The rules include the many Catholic schools that have a government charter.

The “Law to guarantee the rights, equal treatment, and non-discrimination of LGBTI persons and their families in Andalucía” was passed by the socialist majority in the parliament, and seems modeled on a bill that has been under consideration for all of Spain, also introduced by socialists.

More than half of Spain’s autonomous communities (equivalent to states or provinces), now have some LGBT “protection” law, and Madrid’s version contains similar impositions on religious groups.

The Andalucía law prohibits anyone from “repeatedly using degrading expressions for reasons of sexual orientation, sexual identity, or gender expression” in any form of media, including internet social media.

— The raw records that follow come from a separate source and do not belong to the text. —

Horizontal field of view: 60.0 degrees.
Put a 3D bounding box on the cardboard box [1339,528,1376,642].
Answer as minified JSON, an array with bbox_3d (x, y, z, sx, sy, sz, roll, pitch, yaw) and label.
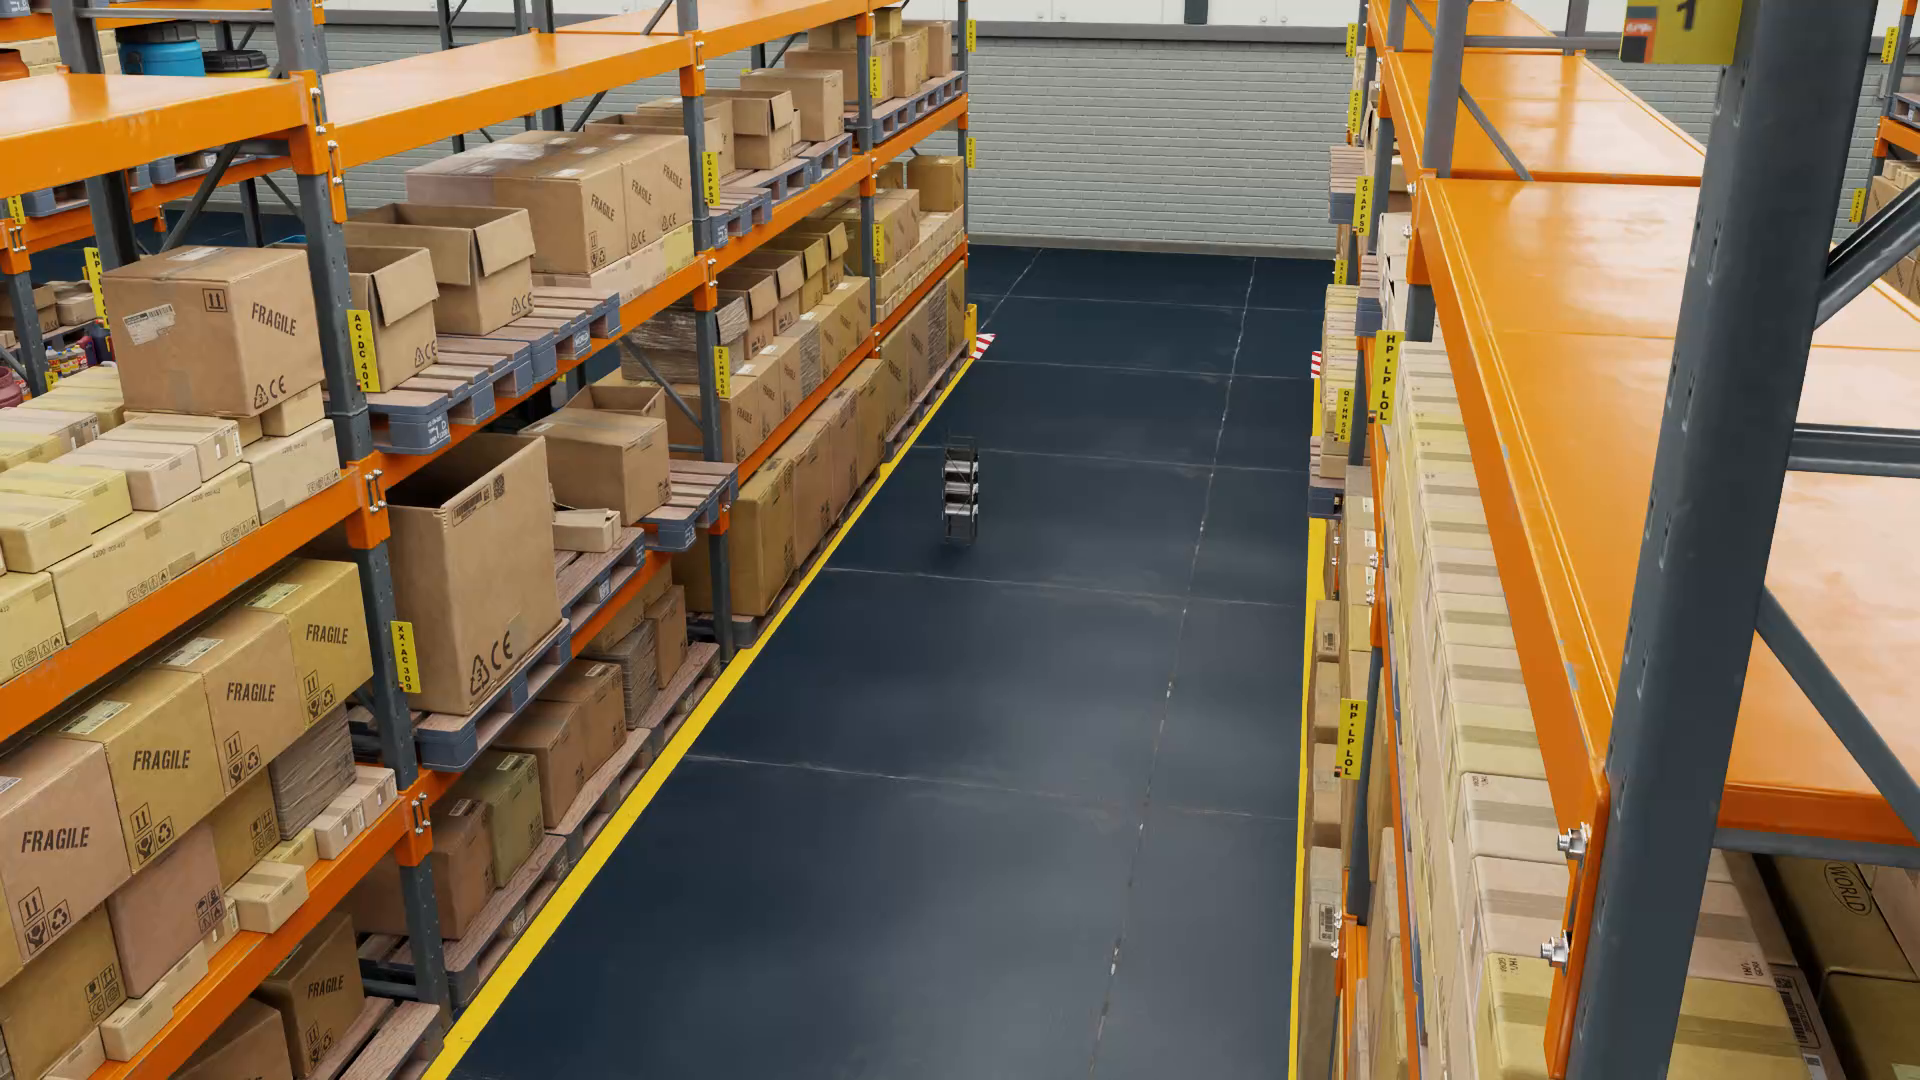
[{"bbox_3d":[2.226,0.276,8.550,0.500,0.500,0.500,4,22,11],"label":"cardboard box"}]

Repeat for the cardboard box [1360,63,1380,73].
[{"bbox_3d":[3.638,-4.004,14.292,0.380,0.149,0.250,4,22,11],"label":"cardboard box"}]

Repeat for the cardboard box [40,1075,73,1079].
[{"bbox_3d":[-2.988,1.808,5.216,0.380,0.149,0.250,4,22,11],"label":"cardboard box"}]

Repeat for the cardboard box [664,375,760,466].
[{"bbox_3d":[-1.683,-0.810,11.247,0.500,0.500,0.500,5,22,12],"label":"cardboard box"}]

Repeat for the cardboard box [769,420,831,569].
[{"bbox_3d":[-1.698,-0.392,12.625,1.225,0.875,0.875,5,22,11],"label":"cardboard box"}]

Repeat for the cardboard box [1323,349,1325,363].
[{"bbox_3d":[2.864,-1.379,12.168,0.380,0.149,0.250,5,23,13],"label":"cardboard box"}]

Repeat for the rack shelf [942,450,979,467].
[{"bbox_3d":[0.002,-0.640,13.135,0.258,0.077,0.200,4,22,11],"label":"rack shelf"}]

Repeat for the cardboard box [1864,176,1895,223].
[{"bbox_3d":[8.909,-3.134,15.677,0.500,0.500,0.500,4,22,10],"label":"cardboard box"}]

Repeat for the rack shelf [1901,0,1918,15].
[{"bbox_3d":[8.877,-4.309,13.537,1.077,0.370,4.000,4,22,11],"label":"rack shelf"}]

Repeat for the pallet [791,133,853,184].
[{"bbox_3d":[-1.371,-3.033,13.142,0.805,0.209,1.217,4,22,9],"label":"pallet"}]

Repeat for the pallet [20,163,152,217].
[{"bbox_3d":[-6.645,-2.561,11.964,1.003,0.211,1.213,4,22,11],"label":"pallet"}]

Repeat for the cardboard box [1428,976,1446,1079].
[{"bbox_3d":[0.994,0.884,2.798,0.380,0.149,0.250,5,22,12],"label":"cardboard box"}]

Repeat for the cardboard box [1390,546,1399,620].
[{"bbox_3d":[1.409,0.140,4.647,0.380,0.149,0.250,4,22,10],"label":"cardboard box"}]

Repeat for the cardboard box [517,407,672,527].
[{"bbox_3d":[-2.135,-0.436,9.755,0.700,0.500,0.500,8,23,19],"label":"cardboard box"}]

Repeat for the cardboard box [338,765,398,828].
[{"bbox_3d":[-2.621,1.074,7.040,0.380,0.149,0.250,4,22,11],"label":"cardboard box"}]

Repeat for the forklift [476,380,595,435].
[{"bbox_3d":[-3.810,-1.186,12.406,1.130,2.935,3.031,7,23,16],"label":"forklift"}]

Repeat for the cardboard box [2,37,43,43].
[{"bbox_3d":[-10.384,-5.634,17.871,0.700,0.500,0.500,4,22,11],"label":"cardboard box"}]

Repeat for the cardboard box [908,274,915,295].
[{"bbox_3d":[-0.635,-2.418,15.710,0.380,0.149,0.250,4,22,10],"label":"cardboard box"}]

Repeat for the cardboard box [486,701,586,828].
[{"bbox_3d":[-2.489,1.211,9.119,0.700,0.500,0.500,3,22,6],"label":"cardboard box"}]

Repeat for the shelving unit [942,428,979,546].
[{"bbox_3d":[0.002,-0.420,13.223,0.258,0.900,0.210,4,22,11],"label":"shelving unit"}]

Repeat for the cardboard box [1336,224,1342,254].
[{"bbox_3d":[4.057,-3.159,16.680,0.500,0.500,0.500,6,23,13],"label":"cardboard box"}]

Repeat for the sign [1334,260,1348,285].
[{"bbox_3d":[3.070,-2.095,13.412,0.100,0.325,0.005,4,22,11],"label":"sign"}]

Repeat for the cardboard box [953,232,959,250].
[{"bbox_3d":[-0.218,-3.166,17.565,0.380,0.149,0.250,5,22,11],"label":"cardboard box"}]

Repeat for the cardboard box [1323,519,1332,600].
[{"bbox_3d":[2.867,0.128,11.835,0.500,0.500,0.500,3,22,9],"label":"cardboard box"}]

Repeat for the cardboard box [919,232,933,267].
[{"bbox_3d":[-0.565,-2.841,16.226,0.500,0.250,0.500,4,22,11],"label":"cardboard box"}]

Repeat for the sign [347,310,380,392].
[{"bbox_3d":[-2.332,-0.737,6.491,0.100,0.325,0.005,4,22,11],"label":"sign"}]

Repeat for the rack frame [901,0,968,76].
[{"bbox_3d":[-0.416,-6.316,17.020,1.000,3.000,0.127,4,22,11],"label":"rack frame"}]

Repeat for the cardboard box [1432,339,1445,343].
[{"bbox_3d":[1.958,-0.563,6.255,0.500,0.250,0.500,5,22,11],"label":"cardboard box"}]

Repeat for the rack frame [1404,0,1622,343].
[{"bbox_3d":[1.970,-1.512,5.092,1.000,3.000,0.127,4,22,11],"label":"rack frame"}]

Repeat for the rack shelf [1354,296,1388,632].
[{"bbox_3d":[2.379,-0.518,7.603,1.077,0.370,4.000,4,22,11],"label":"rack shelf"}]

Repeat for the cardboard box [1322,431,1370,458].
[{"bbox_3d":[2.442,-0.624,10.293,0.380,0.149,0.250,5,22,12],"label":"cardboard box"}]

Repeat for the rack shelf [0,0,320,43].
[{"bbox_3d":[-6.489,-3.980,12.718,1.077,0.370,4.000,4,22,11],"label":"rack shelf"}]

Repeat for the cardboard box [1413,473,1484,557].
[{"bbox_3d":[1.305,-0.042,4.031,0.380,0.149,0.250,4,22,11],"label":"cardboard box"}]

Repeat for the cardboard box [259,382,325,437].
[{"bbox_3d":[-2.648,-0.510,6.287,0.380,0.149,0.250,5,23,13],"label":"cardboard box"}]

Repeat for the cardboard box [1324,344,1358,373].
[{"bbox_3d":[2.704,-1.233,11.408,0.380,0.149,0.250,6,23,14],"label":"cardboard box"}]

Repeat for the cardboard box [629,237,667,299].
[{"bbox_3d":[-1.993,-1.554,9.412,0.500,0.250,0.500,4,22,11],"label":"cardboard box"}]

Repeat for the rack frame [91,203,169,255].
[{"bbox_3d":[-10.113,-4.289,20.019,1.000,3.000,0.127,4,22,11],"label":"rack frame"}]

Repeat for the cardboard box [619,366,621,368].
[{"bbox_3d":[-2.083,-1.035,11.804,0.500,0.500,0.500,4,22,10],"label":"cardboard box"}]

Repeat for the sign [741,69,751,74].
[{"bbox_3d":[-1.776,-3.780,13.940,0.100,0.325,0.005,4,22,11],"label":"sign"}]

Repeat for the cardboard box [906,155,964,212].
[{"bbox_3d":[-0.258,-3.751,17.481,0.500,0.500,0.500,5,22,12],"label":"cardboard box"}]

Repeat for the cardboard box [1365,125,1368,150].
[{"bbox_3d":[3.218,-2.894,12.096,0.500,0.311,0.500,4,22,10],"label":"cardboard box"}]

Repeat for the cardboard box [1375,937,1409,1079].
[{"bbox_3d":[1.518,1.424,4.186,0.875,0.550,0.500,4,22,11],"label":"cardboard box"}]

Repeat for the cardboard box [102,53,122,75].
[{"bbox_3d":[-9.960,-5.403,18.970,0.500,0.250,0.500,4,22,11],"label":"cardboard box"}]

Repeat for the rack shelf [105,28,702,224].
[{"bbox_3d":[-2.456,-2.139,8.148,1.077,0.370,4.000,4,22,11],"label":"rack shelf"}]

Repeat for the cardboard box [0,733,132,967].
[{"bbox_3d":[-2.996,0.942,5.160,0.500,0.500,0.500,4,22,11],"label":"cardboard box"}]

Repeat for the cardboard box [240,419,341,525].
[{"bbox_3d":[-2.702,-0.279,6.248,0.500,0.250,0.500,5,23,13],"label":"cardboard box"}]

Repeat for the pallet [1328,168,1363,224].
[{"bbox_3d":[3.164,-2.362,11.469,1.213,0.211,1.003,4,22,11],"label":"pallet"}]

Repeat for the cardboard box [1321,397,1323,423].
[{"bbox_3d":[2.650,-0.860,11.278,0.380,0.149,0.250,3,22,9],"label":"cardboard box"}]

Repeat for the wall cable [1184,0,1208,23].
[{"bbox_3d":[4.112,-9.613,20.901,2.277,5.999,0.120,4,22,11],"label":"wall cable"}]

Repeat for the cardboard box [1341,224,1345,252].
[{"bbox_3d":[3.534,-2.685,14.165,0.500,0.500,0.500,4,22,9],"label":"cardboard box"}]

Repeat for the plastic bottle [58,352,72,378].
[{"bbox_3d":[-7.044,-1.376,13.051,0.097,0.201,0.097,0,22,0],"label":"plastic bottle"}]

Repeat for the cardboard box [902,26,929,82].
[{"bbox_3d":[-0.702,-4.821,16.494,0.700,0.500,0.500,4,22,9],"label":"cardboard box"}]

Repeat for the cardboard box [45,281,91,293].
[{"bbox_3d":[-10.604,-2.858,19.556,0.500,0.250,0.500,4,22,11],"label":"cardboard box"}]

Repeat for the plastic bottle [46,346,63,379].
[{"bbox_3d":[-7.064,-1.373,12.950,0.097,0.271,0.097,0,22,0],"label":"plastic bottle"}]

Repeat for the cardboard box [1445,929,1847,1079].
[{"bbox_3d":[0.981,0.833,2.393,0.500,0.250,0.500,5,22,12],"label":"cardboard box"}]

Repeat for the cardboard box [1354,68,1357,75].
[{"bbox_3d":[3.855,-4.156,15.204,0.500,0.250,0.500,5,22,12],"label":"cardboard box"}]

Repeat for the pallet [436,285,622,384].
[{"bbox_3d":[-2.426,-1.046,8.201,1.213,0.211,1.003,4,22,11],"label":"pallet"}]

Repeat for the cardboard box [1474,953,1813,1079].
[{"bbox_3d":[0.891,0.699,2.191,0.380,0.149,0.250,5,22,11],"label":"cardboard box"}]

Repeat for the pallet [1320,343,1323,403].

It also requires the government to ensure that the media “adopts, by way of self-regulation, ethical codes that incorporate the respect of equality and the prohibition of discrimination for reasons of sexual orientation and gender identity, whether in informational content or the language used.”

It also establishes that children have a “right” to puberty-blocking drugs, so that they can “avoid the development of secondary sexual characteristics that are undesired.”

The law prevents those who suffer from homosexual attractions or gender confusion from obtaining psychological help, rendering illegal “aversive therapies or any other procedure that involves an attempt at conversion, elimination, or suppression of one’s self-perceived sexual orientation or gender identity.”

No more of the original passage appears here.